**Work order**
Set down exactly, from the records below, the line with "Answer: Definition and" through the line with "Answer: Sérgio Vieira", and nothing else.

**The input**

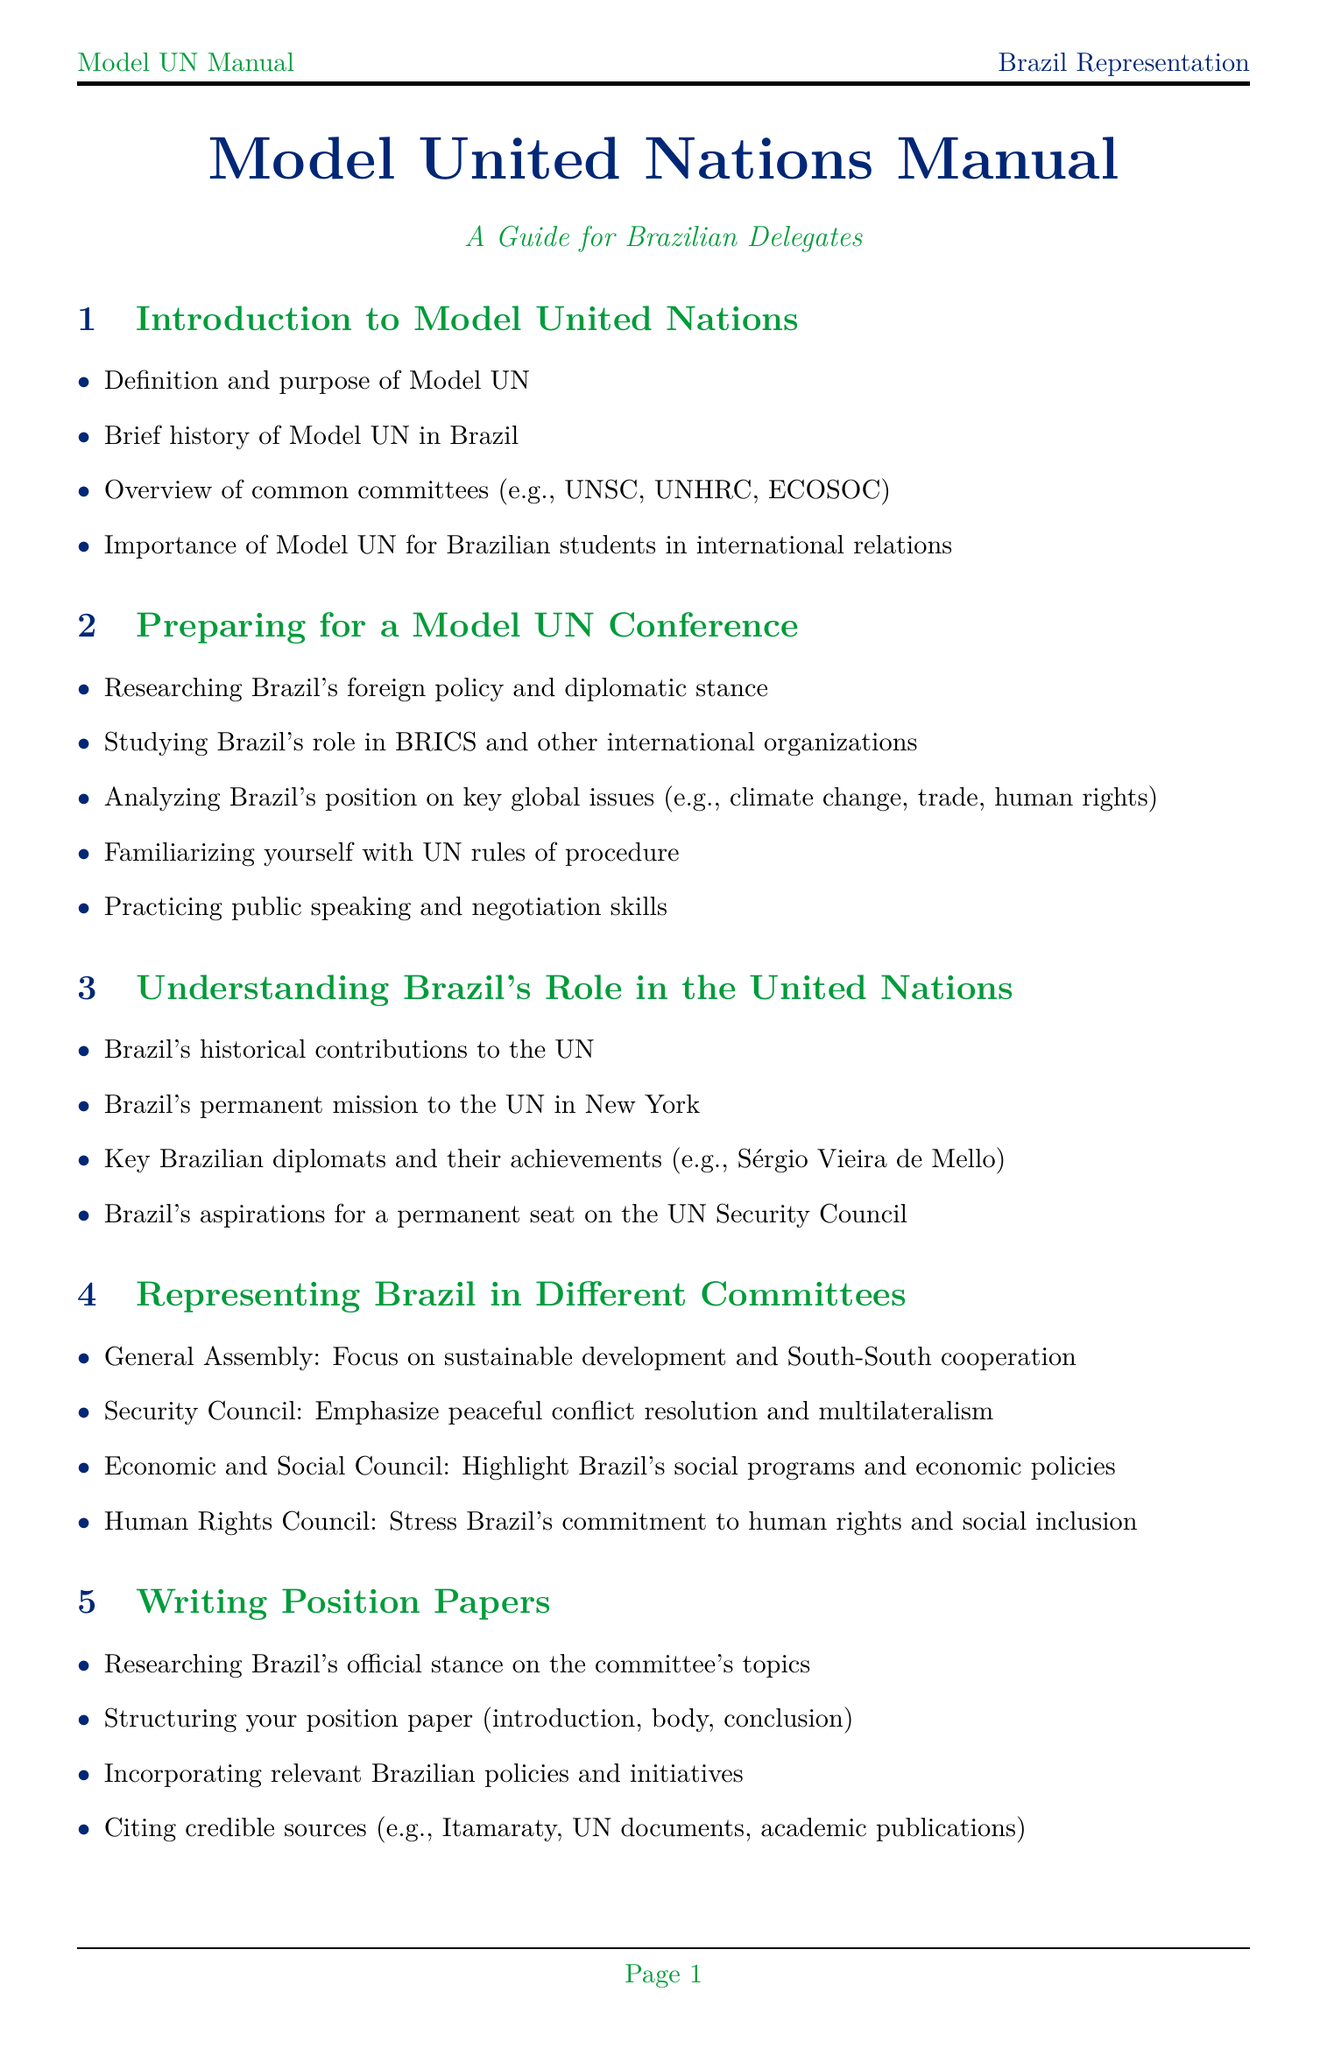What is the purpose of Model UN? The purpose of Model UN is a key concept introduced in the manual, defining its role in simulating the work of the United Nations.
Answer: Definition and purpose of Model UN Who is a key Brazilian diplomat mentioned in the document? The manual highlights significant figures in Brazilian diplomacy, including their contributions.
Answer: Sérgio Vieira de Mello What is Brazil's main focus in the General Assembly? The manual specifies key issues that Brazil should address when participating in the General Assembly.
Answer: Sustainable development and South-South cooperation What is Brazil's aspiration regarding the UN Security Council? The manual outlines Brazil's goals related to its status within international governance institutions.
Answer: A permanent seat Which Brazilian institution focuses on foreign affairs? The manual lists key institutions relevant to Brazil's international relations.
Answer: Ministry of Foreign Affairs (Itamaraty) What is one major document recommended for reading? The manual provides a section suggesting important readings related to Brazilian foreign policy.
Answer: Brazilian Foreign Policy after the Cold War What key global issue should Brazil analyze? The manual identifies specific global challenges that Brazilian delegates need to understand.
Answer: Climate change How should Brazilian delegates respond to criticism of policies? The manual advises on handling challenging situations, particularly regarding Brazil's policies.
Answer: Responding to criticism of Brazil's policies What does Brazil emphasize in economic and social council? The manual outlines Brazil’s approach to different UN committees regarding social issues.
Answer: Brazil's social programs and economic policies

**Solved exercise**
Answer: Definition and purpose of Model UN Who is a key Brazilian diplomat mentioned in the document? The manual highlights significant figures in Brazilian diplomacy, including their contributions.
Answer: Sérgio Vieira de Mello What is Brazil's main focus in the General Assembly? The manual specifies key issues that Brazil should address when participating in the General Assembly.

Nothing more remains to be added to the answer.